(Dataset records)
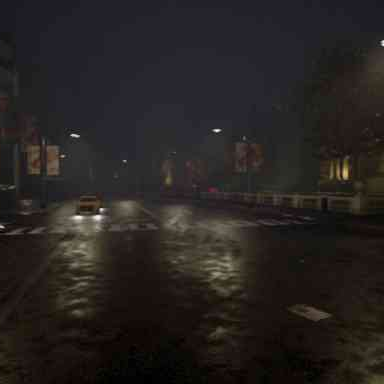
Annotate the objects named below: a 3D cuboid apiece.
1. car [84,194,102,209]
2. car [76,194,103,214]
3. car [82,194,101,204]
[{"bbox_3d":[-11.803,1.074,39.814,1.837,1.490,4.892,-1,1,-14],"label":"car"},{"bbox_3d":[-9.521,1.148,30.636,1.882,1.535,5.008,-1,1,-14],"label":"car"},{"bbox_3d":[-15.132,1.011,49.886,2.033,1.411,5.357,-1,1,-24],"label":"car"}]
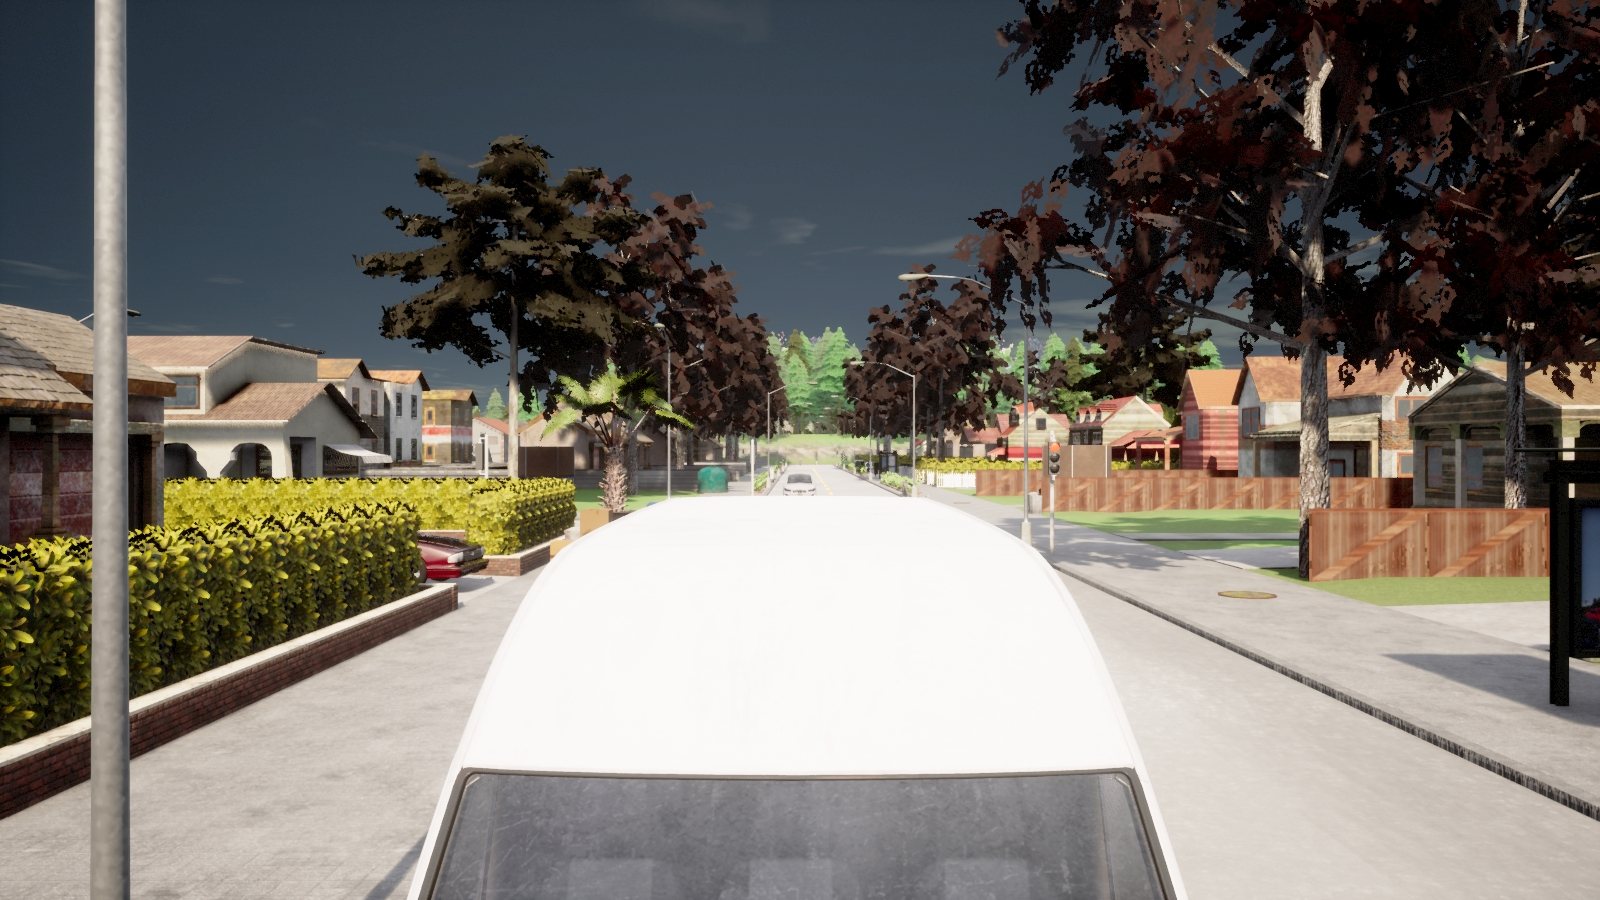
(End Dataset records)
# Task to carry out:
The entries above are to be retyped exactly, with each picture left out.

# Expected answer:
Annotate the objects named below: a 3D cuboid apiece.
1. car [84,194,102,209]
2. car [76,194,103,214]
3. car [82,194,101,204]
[{"bbox_3d":[-11.803,1.074,39.814,1.837,1.490,4.892,-1,1,-14],"label":"car"},{"bbox_3d":[-9.521,1.148,30.636,1.882,1.535,5.008,-1,1,-14],"label":"car"},{"bbox_3d":[-15.132,1.011,49.886,2.033,1.411,5.357,-1,1,-24],"label":"car"}]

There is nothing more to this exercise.